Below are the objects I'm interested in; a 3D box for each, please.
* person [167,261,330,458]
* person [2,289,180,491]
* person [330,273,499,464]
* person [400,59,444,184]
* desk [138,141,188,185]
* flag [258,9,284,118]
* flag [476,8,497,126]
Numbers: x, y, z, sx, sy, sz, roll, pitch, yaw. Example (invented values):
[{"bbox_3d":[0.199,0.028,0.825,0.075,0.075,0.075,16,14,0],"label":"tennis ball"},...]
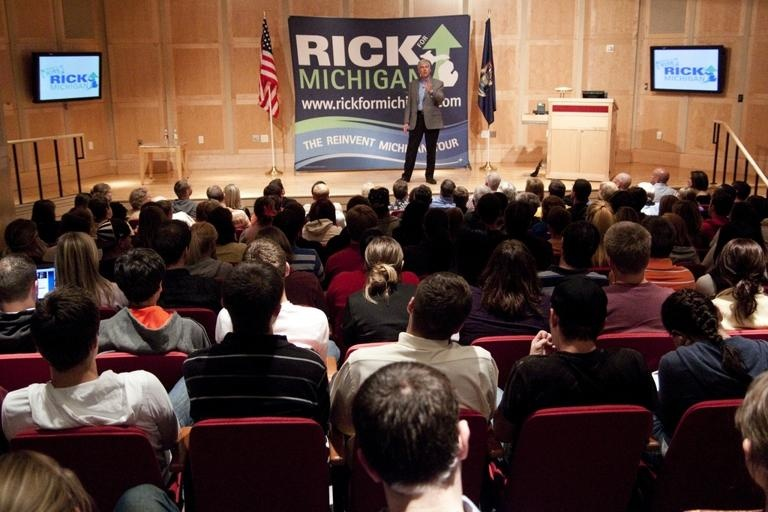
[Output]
[{"bbox_3d":[-0.574,0.438,2.950,0.780,1.021,0.693,-1,0,-4],"label":"person"},{"bbox_3d":[-1.250,0.602,2.554,0.617,0.942,0.580,-3,36,-10],"label":"person"},{"bbox_3d":[0.189,0.484,3.084,0.798,1.158,0.785,4,14,-6],"label":"person"},{"bbox_3d":[0.656,-2.246,9.887,0.661,2.065,0.593,2,10,13],"label":"person"},{"bbox_3d":[-4.142,-1.823,10.965,0.888,0.833,0.942,-2,10,-7],"label":"desk"},{"bbox_3d":[-2.201,-3.622,11.163,0.378,1.905,1.004,-1,10,-10],"label":"flag"},{"bbox_3d":[2.010,-3.626,11.455,0.320,2.074,0.793,2,10,9],"label":"flag"}]
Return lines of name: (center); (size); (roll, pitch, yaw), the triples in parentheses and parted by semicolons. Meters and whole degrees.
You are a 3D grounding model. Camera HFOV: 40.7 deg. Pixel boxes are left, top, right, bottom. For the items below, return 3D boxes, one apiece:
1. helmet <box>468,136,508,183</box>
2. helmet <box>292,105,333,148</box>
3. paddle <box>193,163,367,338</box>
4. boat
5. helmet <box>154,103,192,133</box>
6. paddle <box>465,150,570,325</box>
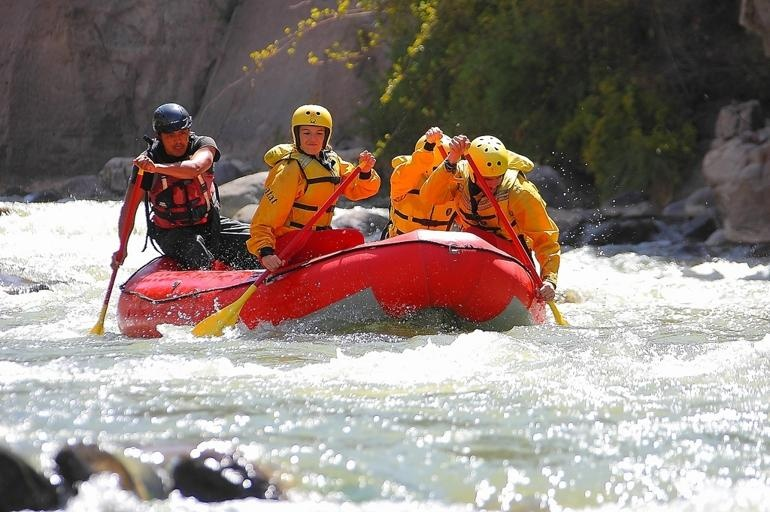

▶ [Work item]
The answer must repeat every line of the listing exactly and leave the pictures out.

▶ [Reply]
Below are the objects I'm interested in; a 3D box for each, please.
* person [167,261,330,458]
* person [2,289,180,491]
* person [330,273,499,464]
* person [400,59,444,184]
* desk [138,141,188,185]
* flag [258,9,284,118]
* flag [476,8,497,126]
Numbers: x, y, z, sx, sy, sz, roll, pitch, yaw. Example (invented values):
[{"bbox_3d":[0.199,0.028,0.825,0.075,0.075,0.075,16,14,0],"label":"tennis ball"},...]
[Output]
[{"bbox_3d":[-0.574,0.438,2.950,0.780,1.021,0.693,-1,0,-4],"label":"person"},{"bbox_3d":[-1.250,0.602,2.554,0.617,0.942,0.580,-3,36,-10],"label":"person"},{"bbox_3d":[0.189,0.484,3.084,0.798,1.158,0.785,4,14,-6],"label":"person"},{"bbox_3d":[0.656,-2.246,9.887,0.661,2.065,0.593,2,10,13],"label":"person"},{"bbox_3d":[-4.142,-1.823,10.965,0.888,0.833,0.942,-2,10,-7],"label":"desk"},{"bbox_3d":[-2.201,-3.622,11.163,0.378,1.905,1.004,-1,10,-10],"label":"flag"},{"bbox_3d":[2.010,-3.626,11.455,0.320,2.074,0.793,2,10,9],"label":"flag"}]
Return lines of name: (center); (size); (roll, pitch, yaw), the triples in parentheses and parted by semicolons. Meters and whole degrees.
You are a 3D grounding model. Camera HFOV: 40.7 deg. Pixel boxes are left, top, right, bottom. For the items below, return 3D boxes, one apiece:
1. helmet <box>468,136,508,183</box>
2. helmet <box>292,105,333,148</box>
3. paddle <box>193,163,367,338</box>
4. boat
5. helmet <box>154,103,192,133</box>
6. paddle <box>465,150,570,325</box>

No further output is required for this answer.